Agriculture reinvents the wheel:  it researches what works in nature and gets it to work at a much higher density.  This type of science-based agricultural nutrition reinvents the metabolic process not only of the animals but of the plant matter that feeds them.  It takes an extremely objective viewpoint to see both sides of this fact:  the ability to feed more people more food, and inherent unforseeable effects of our imperfect reinvention of nature.

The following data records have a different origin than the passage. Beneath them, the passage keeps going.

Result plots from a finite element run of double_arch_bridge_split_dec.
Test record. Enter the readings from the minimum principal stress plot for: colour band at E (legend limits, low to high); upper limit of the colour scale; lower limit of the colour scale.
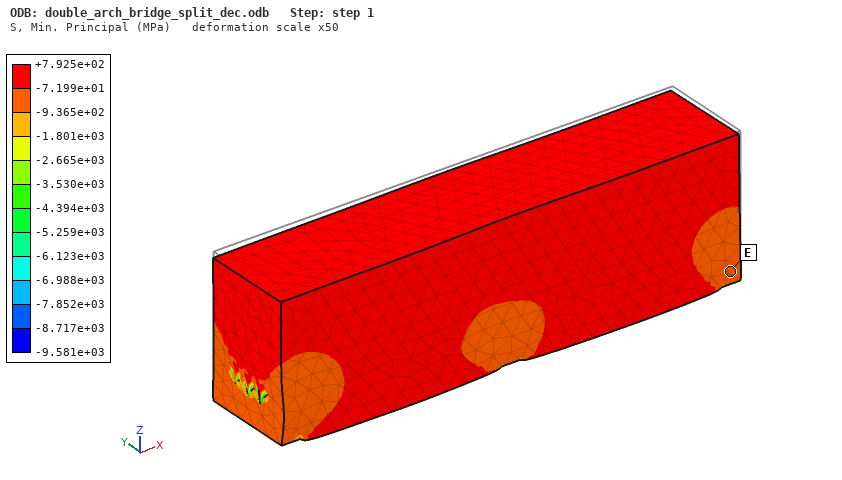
-9.365e+02 to -7.199e+01 MPa
+7.925e+02 MPa
-9.581e+03 MPa
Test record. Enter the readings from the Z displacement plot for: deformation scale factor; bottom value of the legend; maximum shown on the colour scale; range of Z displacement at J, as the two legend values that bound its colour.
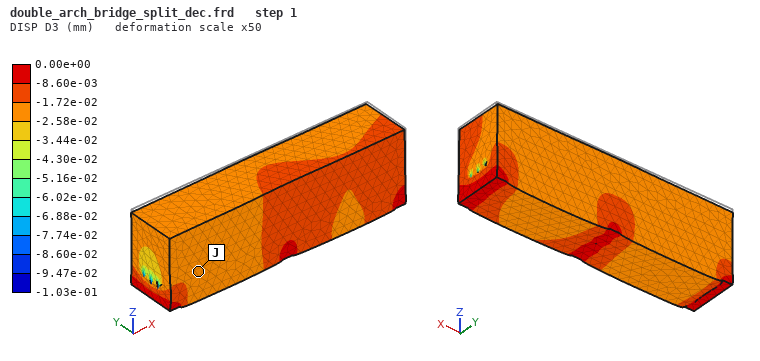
50
-1.03e-01 mm
0.00e+00 mm
-2.58e-02 to -1.72e-02 mm
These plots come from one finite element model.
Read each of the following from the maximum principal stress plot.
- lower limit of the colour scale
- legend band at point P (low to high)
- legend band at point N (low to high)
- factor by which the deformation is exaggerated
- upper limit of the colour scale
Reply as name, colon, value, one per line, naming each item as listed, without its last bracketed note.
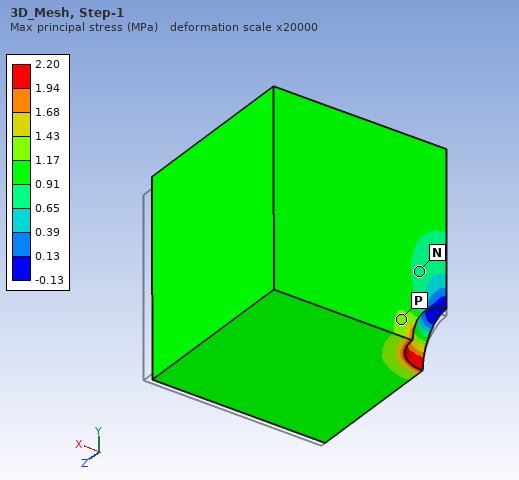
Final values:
lower limit of the colour scale: -0.13 MPa
legend band at point P: 1.17 to 1.43 MPa
legend band at point N: 0.65 to 0.91 MPa
factor by which the deformation is exaggerated: 20000
upper limit of the colour scale: 2.20 MPa
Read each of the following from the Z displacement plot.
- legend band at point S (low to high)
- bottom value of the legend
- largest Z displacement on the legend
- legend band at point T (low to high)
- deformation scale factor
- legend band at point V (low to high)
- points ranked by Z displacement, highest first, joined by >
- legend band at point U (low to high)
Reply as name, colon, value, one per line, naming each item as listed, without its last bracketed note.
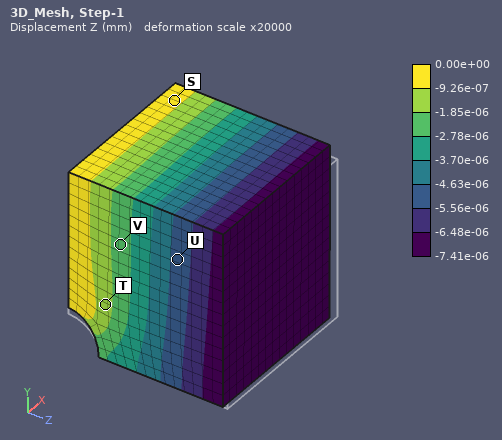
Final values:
legend band at point S: -9.26e-07 to 0.00e+00 mm
bottom value of the legend: -7.41e-06 mm
largest Z displacement on the legend: 0.00e+00 mm
legend band at point T: -1.85e-06 to -9.26e-07 mm
deformation scale factor: 20000
legend band at point V: -2.78e-06 to -1.85e-06 mm
points ranked by Z displacement, highest first, joined by >: S > T > V > U
legend band at point U: -5.56e-06 to -4.63e-06 mm
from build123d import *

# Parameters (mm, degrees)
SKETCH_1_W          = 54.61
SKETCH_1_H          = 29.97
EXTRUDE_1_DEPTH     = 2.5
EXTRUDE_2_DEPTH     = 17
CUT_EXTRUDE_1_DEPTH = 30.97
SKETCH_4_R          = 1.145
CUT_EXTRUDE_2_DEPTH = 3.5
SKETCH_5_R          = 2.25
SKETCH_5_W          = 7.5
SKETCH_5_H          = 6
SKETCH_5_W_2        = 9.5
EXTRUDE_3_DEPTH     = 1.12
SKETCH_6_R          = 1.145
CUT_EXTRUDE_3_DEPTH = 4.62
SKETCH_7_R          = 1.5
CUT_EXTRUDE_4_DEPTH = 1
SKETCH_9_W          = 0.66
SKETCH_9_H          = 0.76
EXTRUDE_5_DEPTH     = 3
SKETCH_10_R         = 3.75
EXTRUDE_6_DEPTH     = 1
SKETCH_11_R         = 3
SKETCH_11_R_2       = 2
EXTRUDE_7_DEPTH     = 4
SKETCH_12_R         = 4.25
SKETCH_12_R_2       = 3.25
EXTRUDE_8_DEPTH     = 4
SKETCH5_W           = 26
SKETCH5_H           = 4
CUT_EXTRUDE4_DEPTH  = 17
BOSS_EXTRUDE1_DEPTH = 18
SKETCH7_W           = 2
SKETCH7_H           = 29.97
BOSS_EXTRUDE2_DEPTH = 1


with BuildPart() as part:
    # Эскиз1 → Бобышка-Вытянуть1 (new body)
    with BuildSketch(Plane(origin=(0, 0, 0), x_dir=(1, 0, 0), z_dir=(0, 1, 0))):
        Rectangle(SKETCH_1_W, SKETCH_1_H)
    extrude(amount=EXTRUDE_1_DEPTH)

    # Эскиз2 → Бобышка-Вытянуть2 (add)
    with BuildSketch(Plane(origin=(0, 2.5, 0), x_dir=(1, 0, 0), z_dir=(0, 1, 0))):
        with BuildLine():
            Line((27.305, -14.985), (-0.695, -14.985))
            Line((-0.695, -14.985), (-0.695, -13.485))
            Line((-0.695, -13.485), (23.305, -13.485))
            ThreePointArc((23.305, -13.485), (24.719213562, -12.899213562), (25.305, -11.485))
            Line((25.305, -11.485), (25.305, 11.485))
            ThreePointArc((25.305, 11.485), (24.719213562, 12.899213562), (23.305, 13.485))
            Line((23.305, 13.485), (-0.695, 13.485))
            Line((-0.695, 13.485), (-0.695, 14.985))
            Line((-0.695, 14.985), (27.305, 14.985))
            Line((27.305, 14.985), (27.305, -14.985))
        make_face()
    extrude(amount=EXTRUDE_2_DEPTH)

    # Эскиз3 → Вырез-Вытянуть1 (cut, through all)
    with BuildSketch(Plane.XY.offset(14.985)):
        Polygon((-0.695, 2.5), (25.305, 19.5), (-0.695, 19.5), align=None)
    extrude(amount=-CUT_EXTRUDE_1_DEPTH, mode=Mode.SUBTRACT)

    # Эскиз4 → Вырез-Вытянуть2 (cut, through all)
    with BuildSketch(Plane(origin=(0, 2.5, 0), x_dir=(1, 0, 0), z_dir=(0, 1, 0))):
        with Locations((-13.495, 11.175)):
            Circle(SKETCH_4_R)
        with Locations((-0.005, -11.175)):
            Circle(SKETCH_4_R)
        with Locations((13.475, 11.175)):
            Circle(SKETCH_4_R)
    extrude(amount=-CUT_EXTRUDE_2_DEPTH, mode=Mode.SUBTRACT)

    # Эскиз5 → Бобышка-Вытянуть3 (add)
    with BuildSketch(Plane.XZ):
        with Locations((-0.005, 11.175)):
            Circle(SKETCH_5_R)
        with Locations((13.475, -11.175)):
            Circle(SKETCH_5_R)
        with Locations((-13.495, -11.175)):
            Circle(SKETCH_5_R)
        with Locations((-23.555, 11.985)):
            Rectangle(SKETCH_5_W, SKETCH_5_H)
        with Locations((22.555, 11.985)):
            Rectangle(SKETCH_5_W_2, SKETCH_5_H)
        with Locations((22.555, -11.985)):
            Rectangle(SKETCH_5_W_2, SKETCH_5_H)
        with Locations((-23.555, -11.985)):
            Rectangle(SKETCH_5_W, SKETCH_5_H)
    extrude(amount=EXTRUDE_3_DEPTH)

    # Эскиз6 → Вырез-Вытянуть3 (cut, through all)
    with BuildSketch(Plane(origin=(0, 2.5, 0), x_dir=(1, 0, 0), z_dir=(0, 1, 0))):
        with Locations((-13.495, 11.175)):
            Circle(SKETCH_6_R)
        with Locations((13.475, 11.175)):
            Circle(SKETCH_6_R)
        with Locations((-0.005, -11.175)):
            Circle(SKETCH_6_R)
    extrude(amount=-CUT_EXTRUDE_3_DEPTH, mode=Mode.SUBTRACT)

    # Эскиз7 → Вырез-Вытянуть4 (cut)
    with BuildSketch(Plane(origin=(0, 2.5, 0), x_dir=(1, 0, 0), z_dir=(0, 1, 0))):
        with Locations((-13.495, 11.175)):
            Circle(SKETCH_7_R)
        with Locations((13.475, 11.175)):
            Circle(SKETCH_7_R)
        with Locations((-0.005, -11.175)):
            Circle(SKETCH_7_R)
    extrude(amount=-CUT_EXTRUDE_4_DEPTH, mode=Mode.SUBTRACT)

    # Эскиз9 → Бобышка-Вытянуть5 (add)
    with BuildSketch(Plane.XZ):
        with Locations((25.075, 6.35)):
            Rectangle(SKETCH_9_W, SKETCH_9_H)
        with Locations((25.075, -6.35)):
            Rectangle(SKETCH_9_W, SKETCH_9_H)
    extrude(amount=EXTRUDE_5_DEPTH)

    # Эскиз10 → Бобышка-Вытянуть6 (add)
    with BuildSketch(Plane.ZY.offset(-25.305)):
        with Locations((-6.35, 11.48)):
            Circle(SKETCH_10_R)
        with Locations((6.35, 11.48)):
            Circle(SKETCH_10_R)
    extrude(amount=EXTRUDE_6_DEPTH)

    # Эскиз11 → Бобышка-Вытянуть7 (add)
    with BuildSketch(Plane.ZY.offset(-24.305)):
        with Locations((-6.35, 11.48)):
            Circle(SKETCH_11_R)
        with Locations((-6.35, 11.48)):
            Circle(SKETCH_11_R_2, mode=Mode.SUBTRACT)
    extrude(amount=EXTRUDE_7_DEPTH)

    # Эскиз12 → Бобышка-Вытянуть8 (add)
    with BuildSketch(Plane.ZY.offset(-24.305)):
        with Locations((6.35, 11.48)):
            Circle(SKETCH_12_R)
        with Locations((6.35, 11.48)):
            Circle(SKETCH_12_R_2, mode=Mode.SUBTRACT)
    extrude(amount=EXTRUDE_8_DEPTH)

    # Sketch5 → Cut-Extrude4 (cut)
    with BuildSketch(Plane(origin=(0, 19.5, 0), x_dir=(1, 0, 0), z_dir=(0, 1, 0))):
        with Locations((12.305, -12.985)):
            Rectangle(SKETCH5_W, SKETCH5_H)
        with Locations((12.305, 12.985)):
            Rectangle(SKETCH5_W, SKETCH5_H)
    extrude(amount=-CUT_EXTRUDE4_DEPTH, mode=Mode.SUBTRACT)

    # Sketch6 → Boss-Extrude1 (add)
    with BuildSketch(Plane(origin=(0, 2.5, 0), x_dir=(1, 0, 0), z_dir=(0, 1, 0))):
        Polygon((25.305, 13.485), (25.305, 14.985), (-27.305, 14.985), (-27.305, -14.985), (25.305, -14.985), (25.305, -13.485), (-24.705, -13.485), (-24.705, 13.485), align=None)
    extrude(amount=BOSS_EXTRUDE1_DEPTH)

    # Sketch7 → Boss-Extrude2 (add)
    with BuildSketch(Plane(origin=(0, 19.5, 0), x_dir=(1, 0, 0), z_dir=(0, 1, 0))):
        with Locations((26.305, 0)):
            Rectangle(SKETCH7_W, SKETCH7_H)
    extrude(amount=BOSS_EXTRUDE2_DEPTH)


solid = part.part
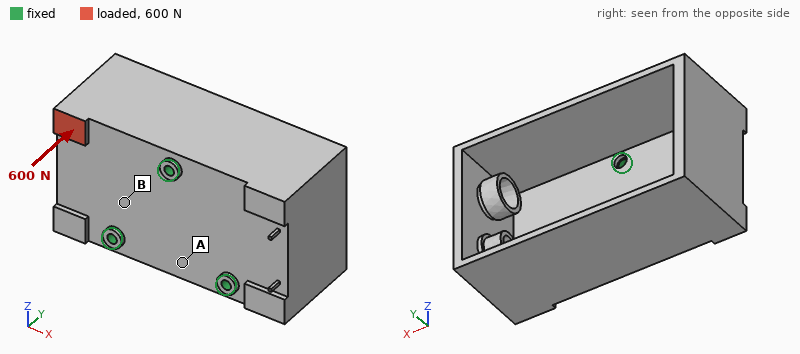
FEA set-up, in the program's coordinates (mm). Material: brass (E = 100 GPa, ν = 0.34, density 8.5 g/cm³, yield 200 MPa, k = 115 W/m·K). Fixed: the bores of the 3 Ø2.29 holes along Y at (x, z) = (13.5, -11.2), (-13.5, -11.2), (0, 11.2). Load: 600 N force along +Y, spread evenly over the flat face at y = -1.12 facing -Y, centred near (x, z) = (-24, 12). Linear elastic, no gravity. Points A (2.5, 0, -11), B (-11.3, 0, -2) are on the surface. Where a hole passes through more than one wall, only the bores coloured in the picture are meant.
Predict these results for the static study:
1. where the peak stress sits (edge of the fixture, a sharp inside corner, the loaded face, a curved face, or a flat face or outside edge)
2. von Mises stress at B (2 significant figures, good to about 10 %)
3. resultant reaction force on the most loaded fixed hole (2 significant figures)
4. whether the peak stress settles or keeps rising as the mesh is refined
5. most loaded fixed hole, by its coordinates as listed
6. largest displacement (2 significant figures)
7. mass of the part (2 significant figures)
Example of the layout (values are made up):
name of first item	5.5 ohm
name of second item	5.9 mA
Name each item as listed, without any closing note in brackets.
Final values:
where the peak stress sits	edge of the fixture
von Mises stress at B	58 MPa
resultant reaction force on the most loaded fixed hole	630 N
whether the peak stress settles or keeps rising as the mesh is refined	keeps rising
most loaded fixed hole, by its coordinates as listed	(0, 11.2)
largest displacement	0.27 mm
mass of the part	83 g
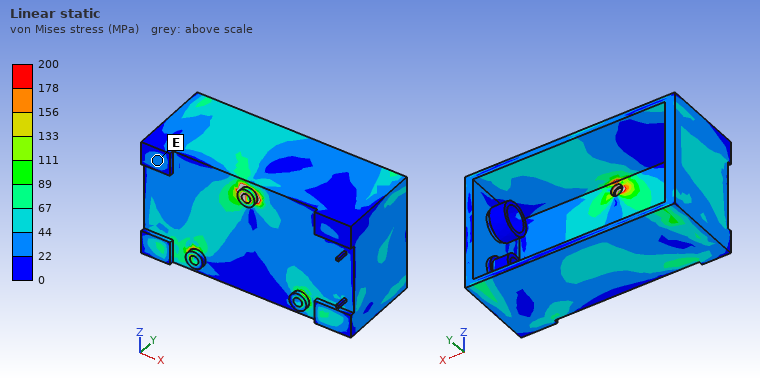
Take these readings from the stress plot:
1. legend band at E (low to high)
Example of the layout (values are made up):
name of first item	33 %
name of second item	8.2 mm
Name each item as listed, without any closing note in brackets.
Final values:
legend band at E	22 to 44 MPa
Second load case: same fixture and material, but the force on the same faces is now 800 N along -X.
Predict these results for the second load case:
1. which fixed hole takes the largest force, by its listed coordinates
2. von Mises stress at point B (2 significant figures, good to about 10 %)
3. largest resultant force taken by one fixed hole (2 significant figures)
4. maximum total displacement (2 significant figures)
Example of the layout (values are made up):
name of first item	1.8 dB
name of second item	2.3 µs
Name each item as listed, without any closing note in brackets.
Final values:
which fixed hole takes the largest force, by its listed coordinates	(0, 11.2)
von Mises stress at point B	12 MPa
largest resultant force taken by one fixed hole	700 N
maximum total displacement	36 µm
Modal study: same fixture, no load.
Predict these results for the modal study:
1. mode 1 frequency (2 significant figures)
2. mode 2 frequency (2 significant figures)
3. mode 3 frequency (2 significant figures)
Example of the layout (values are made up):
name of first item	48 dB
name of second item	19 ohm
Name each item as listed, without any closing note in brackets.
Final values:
mode 1 frequency	1700 Hz
mode 2 frequency	3400 Hz
mode 3 frequency	3500 Hz
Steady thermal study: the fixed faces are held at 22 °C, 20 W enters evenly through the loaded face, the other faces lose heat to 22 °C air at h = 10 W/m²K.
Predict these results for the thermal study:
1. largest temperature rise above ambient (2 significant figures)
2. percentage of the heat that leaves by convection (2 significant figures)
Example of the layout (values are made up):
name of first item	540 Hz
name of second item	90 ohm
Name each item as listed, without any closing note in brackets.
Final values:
largest temperature rise above ambient	58 K
percentage of the heat that leaves by convection	5.8 %
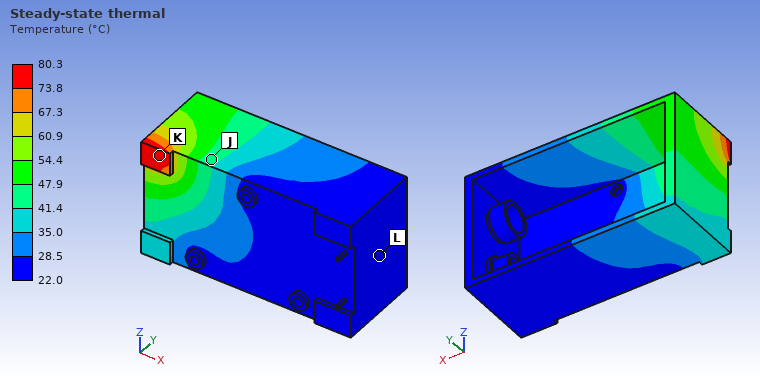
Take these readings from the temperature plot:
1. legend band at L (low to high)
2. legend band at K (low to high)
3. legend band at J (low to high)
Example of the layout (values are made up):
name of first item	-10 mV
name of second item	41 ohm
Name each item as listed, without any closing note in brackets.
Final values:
legend band at L	22.0 to 28.5 °C
legend band at K	73.8 to 80.3 °C
legend band at J	41.4 to 47.9 °C

A speaker in the opening plenary session pointed out that Earth doubled its food production in the past 30-40 years, and needs to double it again in the next 30-40.  He identified small, poor, rural farmers around the world as having the greatest opportunity for improvement, and argued that in helping them the distribution of food increases where it’s needed most.  He then said rather than helping them become better sustenance farmers, the powers that be should attempt to convert them to commercial farmers.  Two things go through my mind.  One, the Mobile Processing Unit and small chicken farming system some friends of mine in Old Fort, NC brought to the area.  With grant money, they built a mobile, rentable chicken processing trailer that allowed some elderly farmers and landowners to enter the Asheville chicken market for the first time, or re-enter after decades.  That to me is cool.  Then I think of the dangers of technological “missionaries” to foreign cultures and economies.  The gentlest giant has a heavy, heavy hand.

Also awesome:  this company is building a sustainable agricultural mini village center in Haiti, intended as a model in revitalizing rural economies in poor countries.  I think this could be done really well.  It reminds me a lot of the work IPÊ does in the Pontal de Paranapanema with resettled landless workers…how they set up tree nurseries and trained locals in biology and business, and also created a market for the trees through reforestation and shade-grown coffee operations.

There is wisdom in science, and wisdom in intuition and empirical experience.  On the ground (so to speak!) are farmers who rely on intuition and empirical experience…and increasingly, they trust science to provide seeds, feeds and fertilizers.  Agribusiness relies on science to maximize production while keeping food safe and nutritious.  Perhaps science can trust the empirical wisdom of crowds for inspiration.  This may be farmers, or it could be someone unexpected.  In the developed world, you’d be amazed the types of education people have before deciding to be a farmer.  I’ve met engineers and bankers, botanists and professors who’ve switched careers.  It’s a good place to be, and there’s plenty of food for thought!